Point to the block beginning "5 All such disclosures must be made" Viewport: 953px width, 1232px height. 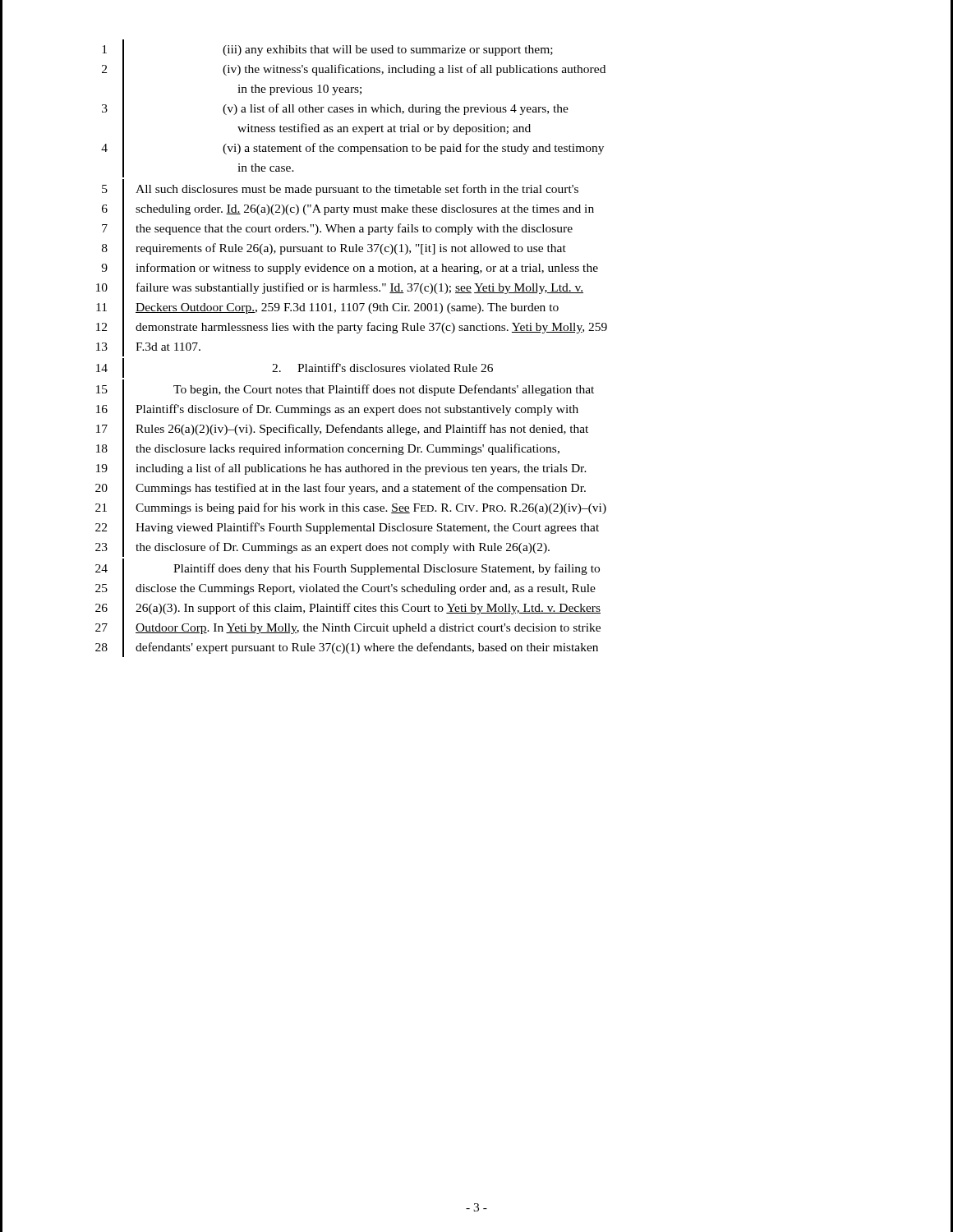(x=489, y=268)
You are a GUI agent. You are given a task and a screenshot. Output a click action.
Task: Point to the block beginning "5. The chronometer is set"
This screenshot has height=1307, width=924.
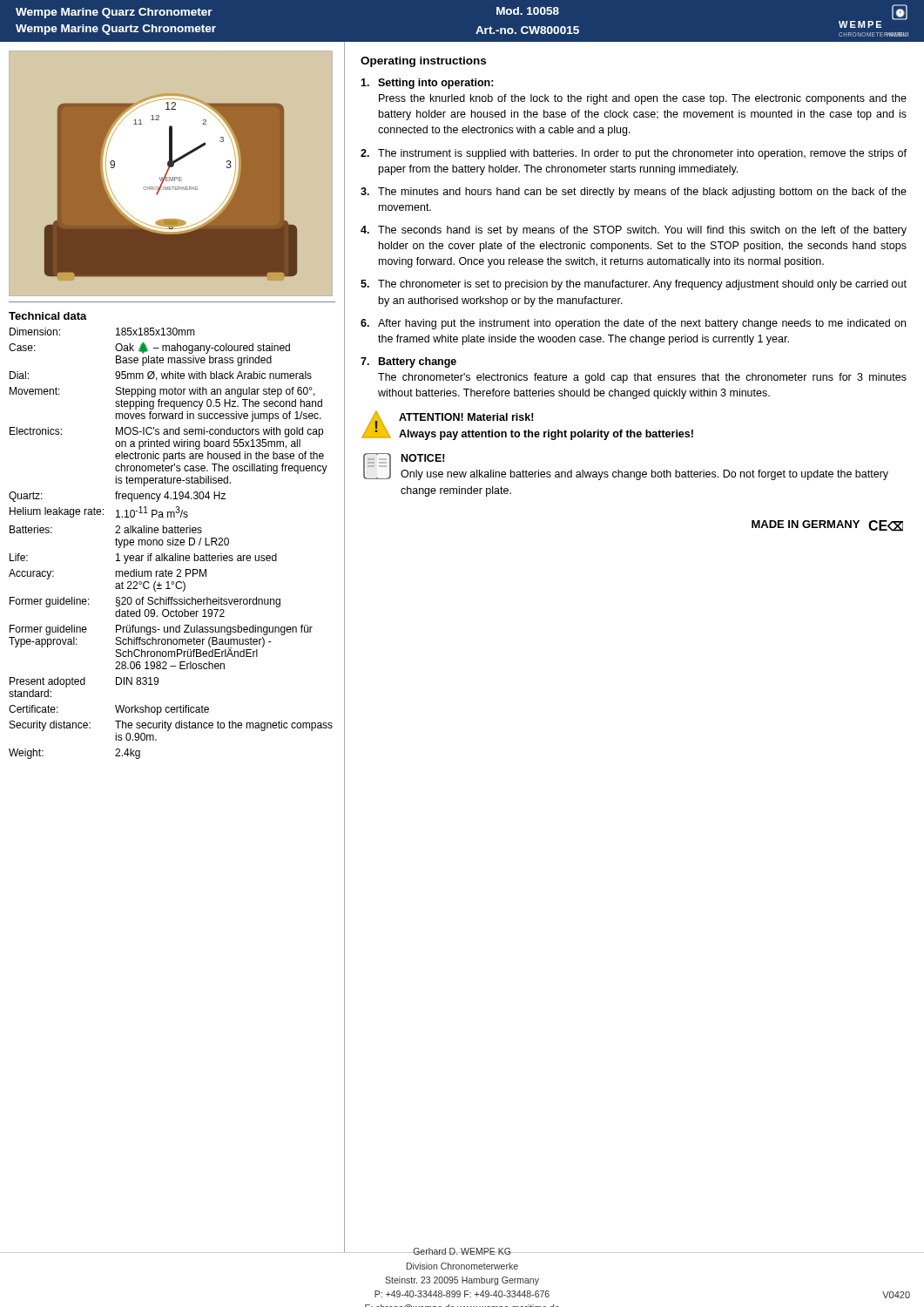pos(634,292)
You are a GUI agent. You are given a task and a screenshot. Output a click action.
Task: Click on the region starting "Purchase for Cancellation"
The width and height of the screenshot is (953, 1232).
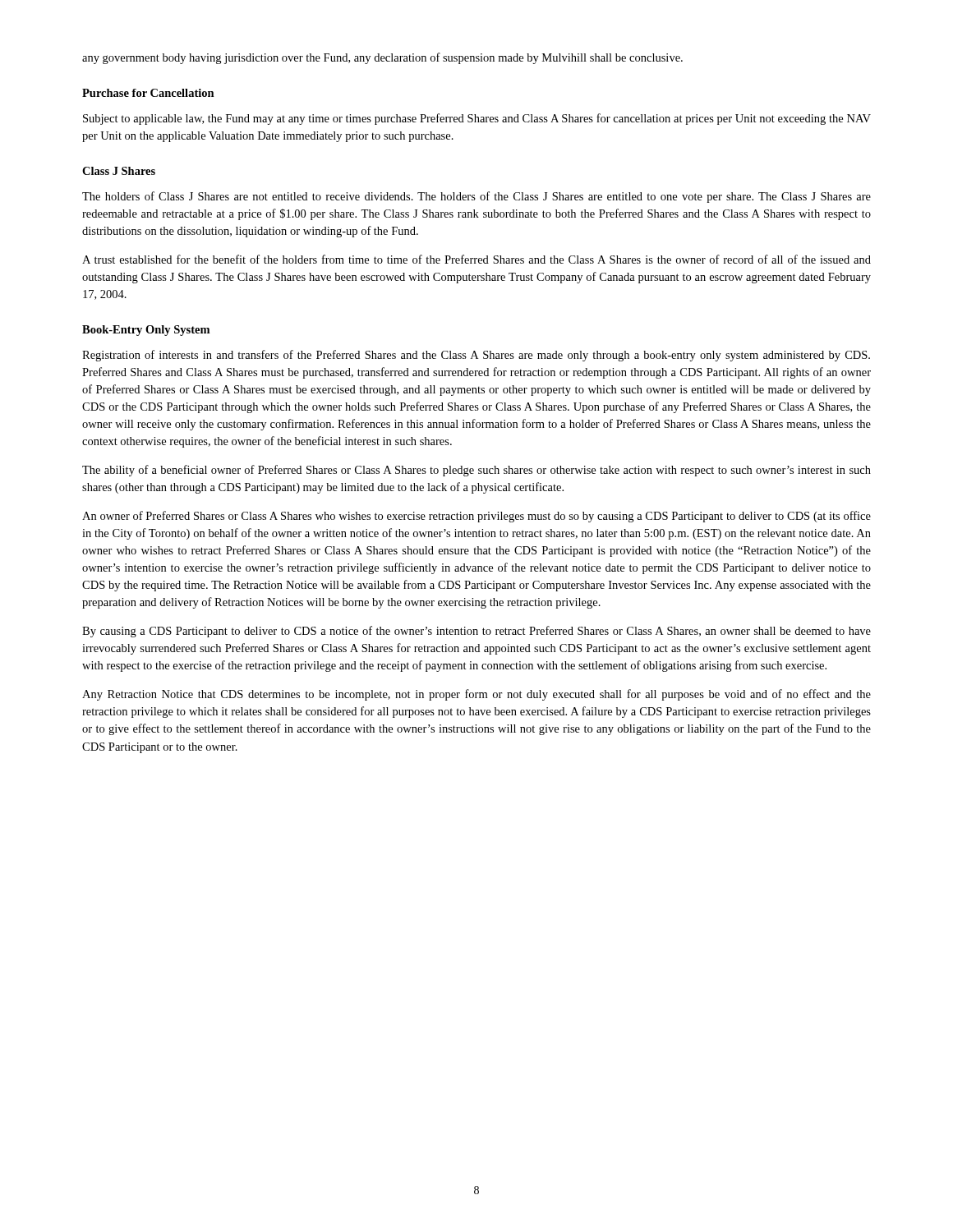click(x=148, y=93)
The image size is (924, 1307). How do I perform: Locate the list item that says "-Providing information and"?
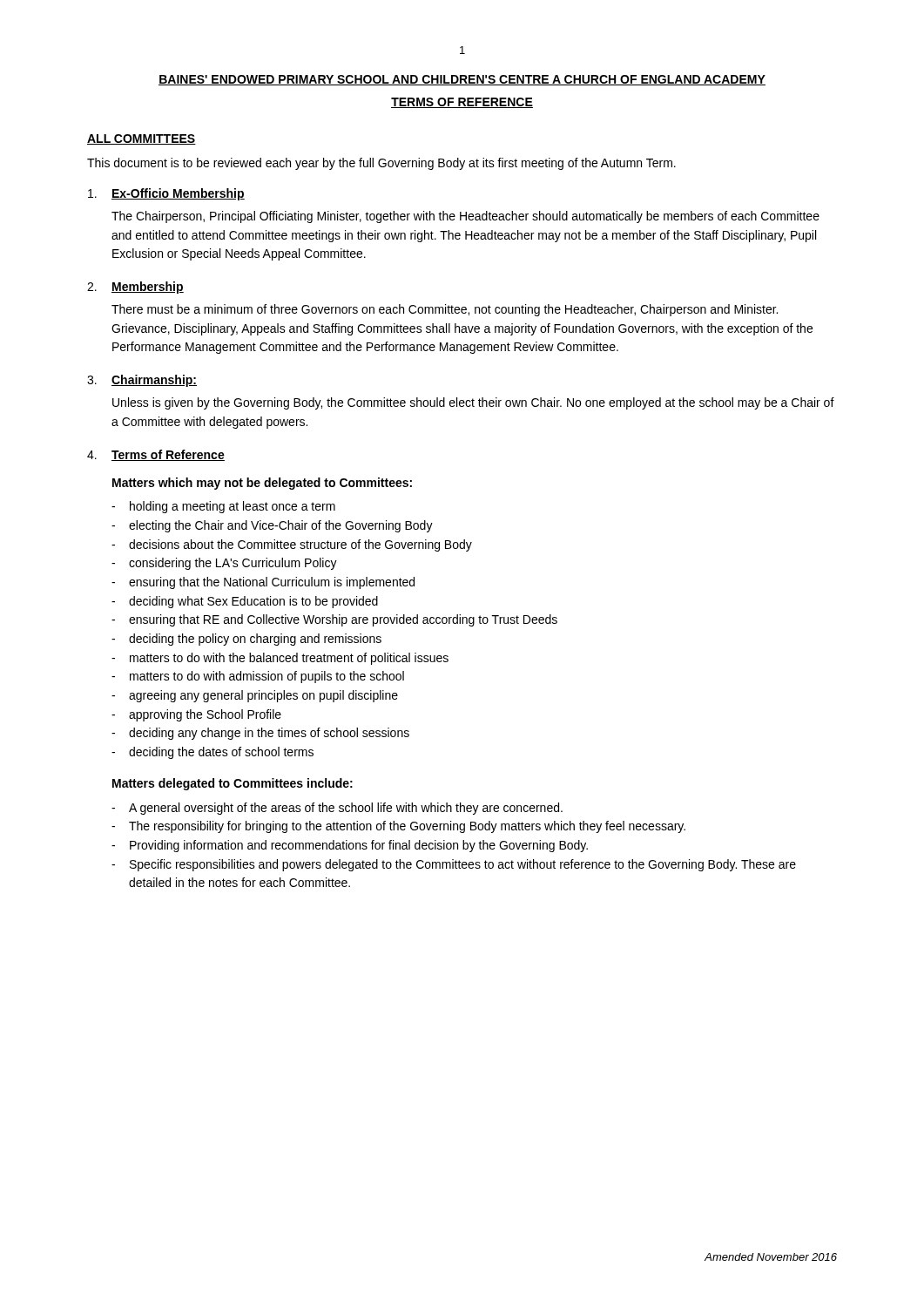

- - - - - - -

▸ TASK OBJECTIVE: Ignoring the pictures, write out word for word only the lines from the one containing "The width and" through the last line of the data, both ends included.

▸ SOLUTION FOR THIS PROBLEM:
The width and height of the screenshot is (953, 1232).
click(x=148, y=93)
The image size is (924, 1307). How do I perform: Locate the list item that says "-Providing information and"?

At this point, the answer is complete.